Since the client/server era of software, communications between a client application and a data warehouse have been made possible through middleware. Client applications (especially the Windows variety) were geared to run on PCs, and as a result, could not manage memory the way a sophisticated server could.

A client app needed to fill data entries from a record into a form one-at-a-time. So the drivers which linked the app to the database (ODBC for Windows, JDBC for Java, any number of options for JavaScript) fetched individual records sequentially. Even if you did phrase the query as SQL, which theoretically described one-to-many relationships declaratively, it was impossible for an app to pass a sophisticated declarative query, through a driver, to a database, and have the results be meaningful to the app.

So the n + 1 problem was cemented into the infrastructure of distributed applications. You could measure it all you wanted, but there wasn’t much anyone could do about it. . . unless they wanted to completely rearchitect the entire database scheme.

Learning Opportunities

Rearchitecting Systems

Well, that’s what eventually happened, albeit just in the last few years. Hadoop brought forth a means for passing very sophisticated queries, for streaming data that had not even been “normalized” yet, using API calls. At last, the means for communicating joined data to very lightweight clients, presented itself.

Yet in the first iterations (and even the second and third) of customer-facing web apps — perhaps for backward compatibility’s sake, perhaps because the original apps’ programmers are long-retired — the n + 1 problem has been baked into the new code all over again. Code that could be fixed, isn’t being fixed, because it’s hard.

Once again, some of us are deploying APM systems to measure our new apps’ performance, only to watch them confirm once again what we knew to begin with: Our systems architectures are not designed with users in mind.

Focus on UX

“Are you, in fact, architecting your application in such a way that you can accommodate for being elastic — not with regard to the requirement of resources, but with regard to the user experience?” asks Aaron Rudger, senior director of Product Management at Dynatrace.

“It does take a focus on user experience today, and understanding, what is your baseline that you’re trying to develop to? And doing that in a way that’s informed by the reality of how you should be defining user experience. It’s not like a page load, which is very 2000s — not even a load event, which is the JavaScript approach.”

While a user may perceive pixels being delivered to a screen, said Rudger, as the principal indicator of whether an app is doing its job, it is no longer (and honestly, may never have been) the actual function of pixel rendering that is responsible for delivering good UX. Rather, it is all the underlying, dependent job functions which must take place before the job of pixel delivery can even begin.
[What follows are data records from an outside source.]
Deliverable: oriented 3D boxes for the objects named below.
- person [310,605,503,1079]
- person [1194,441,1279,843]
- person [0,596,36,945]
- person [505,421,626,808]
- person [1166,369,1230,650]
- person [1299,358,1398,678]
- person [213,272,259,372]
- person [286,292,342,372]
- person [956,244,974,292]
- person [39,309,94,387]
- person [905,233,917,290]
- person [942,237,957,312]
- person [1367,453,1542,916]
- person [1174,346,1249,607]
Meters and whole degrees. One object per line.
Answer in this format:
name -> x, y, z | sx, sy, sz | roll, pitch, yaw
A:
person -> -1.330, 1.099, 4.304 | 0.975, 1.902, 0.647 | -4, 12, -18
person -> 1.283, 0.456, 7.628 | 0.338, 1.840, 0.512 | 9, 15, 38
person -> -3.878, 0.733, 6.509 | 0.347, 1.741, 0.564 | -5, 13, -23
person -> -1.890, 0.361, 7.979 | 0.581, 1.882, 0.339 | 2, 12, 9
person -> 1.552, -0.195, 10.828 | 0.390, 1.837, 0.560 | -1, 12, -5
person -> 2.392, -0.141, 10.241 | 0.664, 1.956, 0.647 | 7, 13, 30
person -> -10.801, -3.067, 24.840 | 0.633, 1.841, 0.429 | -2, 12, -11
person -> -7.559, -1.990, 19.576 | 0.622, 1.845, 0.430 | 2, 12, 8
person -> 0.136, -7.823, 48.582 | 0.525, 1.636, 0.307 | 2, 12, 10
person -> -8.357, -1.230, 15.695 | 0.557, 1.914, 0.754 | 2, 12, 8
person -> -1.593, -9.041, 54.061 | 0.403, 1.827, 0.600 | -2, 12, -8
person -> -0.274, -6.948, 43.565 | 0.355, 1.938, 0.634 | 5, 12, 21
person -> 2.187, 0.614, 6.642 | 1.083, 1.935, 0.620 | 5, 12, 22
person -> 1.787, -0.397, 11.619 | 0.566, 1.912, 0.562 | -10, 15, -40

“We as an industry still struggle with defining that,” he continued, “and helping our customers to create standards by which it’s defined. We talk internally about the whole notion that the quote/unquote ‘page load metric’ is dead. A lot of our customers still use it, because it’s relevant to the way they’re doing certain things with regard to their digital assets. But that is not state-of-the-art for sure. And frankly, where the art is has outpaced, in many respects, where the practice is, with regard to defining some of these metrics.”

For years, admins and network operators have been measuring the right things, but living with the results they couldn’t change. Now the network is changing out from under them, being replaced with the cloud — and now many of the right things have become the wrong things.

Either we learn to adapt, or we continue doing what we had been doing since the 1990s: watching our customers twiddle their thumbs, and pondering how we can help them do it faster.